Причин тому было несколько. Во-первых, князь Александр еще в 1242 г. отчетливо понимал опасность западноевропейской агрессии на Русь. Ему, таким образом, союзники тоже были жизненно необходимы. Во-вторых, будучи Мономашичем, князь Александр во внутрирусской политике противостоял черниговским Ольговичам. А ведь именно черниговские князья и были друзьями половцев и врагами монголов. В-третьих, сам князь Александр Ярославич также был врагом Гуюка, поскольку его отец Ярослав был отравлен в Каракоруме матерью Гуюка, ханшей Туракиной. (Туракина поступила так, поверив доносу боярина князя Ярослава – Федора Яруновича.)
Видимо, учет всех названных обстоятельств и привел Александра Невского к мысли о союзе с Батыем. Александр поехал в Орду, побратался с сыном Бату – несторианином Сартаком, и заключил договор об уплате дани в обмен на военную помощь. Политика Александра не встретила на Руси всеобщей поддержки и понимания, но даже после его смерти оказалась конструктивной. Так, в 1269 г. орденские войска угрожали Новгороду. При появлении небольшого татарского отряда «немцы замирашася по всей воле новгородской, зело убояхуся и имени татарского». Русь, вернее та ее северо-восточная часть, которая вошла в состав улуса Монгольского, оказалась спасена от католической экспансии, сохранила и культуру, и этническое своеобразие. Иной была судьба юго-западной Червонной Руси. Попав под власть Литвы, а затем и католической Речи Посполитой она потеряла все: и культуру, и политическую независимость, и право на уважение.
Дальнейшие исторические события еще более усложнили ситуацию. Поскольку монолитный Монгольский улус распался на 3 различные орды (Золотую, Синюю и Белую), каждая из них стремилась первенствовать. Монголы Золотой Орды были немногочисленны и частью придерживались традиционной монгольской веры – варианта митраизма, частью были христианами несторианского толка. Веротерпимость была одним из основных стереотипов поведения, принятых в Монгольском улусе. Считалось, что дело Хана – требовать службы, покорности и повиновения, а вопросы совести относились к компетенции личности.
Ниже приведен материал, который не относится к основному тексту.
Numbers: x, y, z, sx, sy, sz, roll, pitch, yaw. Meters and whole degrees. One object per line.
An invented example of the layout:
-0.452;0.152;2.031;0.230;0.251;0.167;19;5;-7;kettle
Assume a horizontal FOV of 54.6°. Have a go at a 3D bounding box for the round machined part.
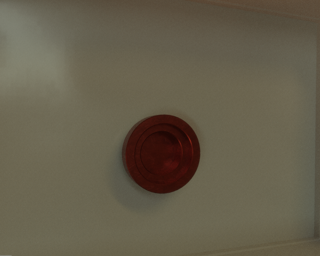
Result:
-0.001;0.032;0.401;0.099;0.042;0.097;0;90;-20;round machined part

Однако купеческое население поволжских городов было в основном мусульманским и стремилось отнюдь не к веротерпимости, а к пропаганде своей веры среди победителей. Ислам, таким образом, тоже начал проникать в монгольскую среду, распространяясь и среди ханов. И вот здесь-то и проявилась разница в отношении к населению Русского улуса.
Ханы-мусульмане (Берке, Тудан-Менгу), естественно, смотрели на христиан Руси, как на податное население – «райю», и проводили более насильственную, эксплуатационную политику.
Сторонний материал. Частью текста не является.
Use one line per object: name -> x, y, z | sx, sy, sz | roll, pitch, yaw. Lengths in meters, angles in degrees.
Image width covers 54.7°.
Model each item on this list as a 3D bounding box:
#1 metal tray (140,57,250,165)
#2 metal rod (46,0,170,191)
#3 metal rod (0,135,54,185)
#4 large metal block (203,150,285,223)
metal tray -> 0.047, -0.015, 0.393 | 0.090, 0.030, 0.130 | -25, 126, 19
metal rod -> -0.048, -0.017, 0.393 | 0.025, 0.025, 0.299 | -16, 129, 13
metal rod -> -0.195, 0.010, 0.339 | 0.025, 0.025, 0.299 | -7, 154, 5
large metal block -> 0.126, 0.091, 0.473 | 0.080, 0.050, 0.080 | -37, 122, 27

Ханы «монгольской веры» (Бату, Сартак, Менгу-Тимур, Тохта), напротив, соблюдали традиции союза с Русью, ибо активно использовали и растущие русские военные силы и в борьбе за власть, и во внешних войнах (Менгу-Тимур – в войнах на Кавказе, а Тохта – в борьбе за власть с темником Ногаем).
Таким образом, до начала XIV в. русско-золотоордынские отношения были крайне неоднозначны и изменялись под влиянием религиозно-политической ориентации золотоордынских ханов и русских князей. Все изменилось в 1312 г., когда новый хан Узбек произвел переворот, провозгласил мусульманскую веру государственной религией и казнил всех царевичей-чингизидов, ценивших свою совесть больше, нежели свою жизнь. С этого момента православная Русь действительно оказалась под игом, но только не «монголо-татарским», а «мусульманско-купеческим», поскольку Узбек опирался на торговое население «сартаульских» городов. Именно с этим игом – религиозным – боролись наши предки до 1480 г. Однако в начале XIV в. сил для открытой борьбы с Ордой еще не было, и это хорошо понимали московские князья, продолжавшие традицию русско-татарского союза в новых политических условиях. Выплачивая дань – «выход царев», государи московские параллельно положили начало процессу собирания русских земель вокруг Москвы, руководствуясь новыми, заимствованными у монголов и дотоле на Руси не известными принципами устроения власти: веротерпимостью, верностью обязательствам, опорой на служилое сословие. Именно возрождение на Москве монгольских традиций, традиций Чингис-хана вело сюда всех тех монгольских и тюркских богатырей, которые не хотели служить Узбеку и его потомкам. Традиции Союза со Степью оказались жизнеспособны и плодотворны, они материализовались в политической практике Московского государства XVI–XVII вв., когда вся бывшая территория Золотой Орды вошла в состав Русского государства. Монголы, буряты, татары, казахи столетиями пополняли ряды русских войск и бок о бок с русскими защищали свое общее Отечество, которое с XV в. стало называться Россией. И потому принятая Д. М. Балашовым в «Государях Московских» концепция русской истории, сколь бы необычной она ни казалась, представляется мне справедливой. «Государи Московские» отражают подлинную, а не мифологическую историю нашей Родины, и потому я осмелюсь рекомендовать эти книги всем, кому судьба Родины небезразлична.
Савва Ямщиков
Нестор века нынешнего
Историко-литературный жанр полюбился мне сызмальства. Художественные хроники, биографические и автобиографические романы, описания великих и малых событий, случавшихся на протяжении веков, мемуары правдивые и надуманные привлекали мое внимание, занимая ум возможностью как бы воочию прикоснуться к делам давно минувших дней, вступить в диалог с императорами, прославленными полководцами, духовными подвижниками, великими литераторами, гениальными художниками, чудесными композиторами и бесконечно одаренными актерами. Я жадно поглощал любую книжку, претендующую на историческую правдивость, впитывал, подобно губке, рассказы очевидцев о наиболее приметных случаях из прошлой жизни, наслаждался описанием древних городов, нерукотворных архитектурных сокровищ, старался как можно тщательнее изучить и запомнить творения выдающихся ваятелей, живописцев и сказочных мастеров многообразного, красочного народного искусства.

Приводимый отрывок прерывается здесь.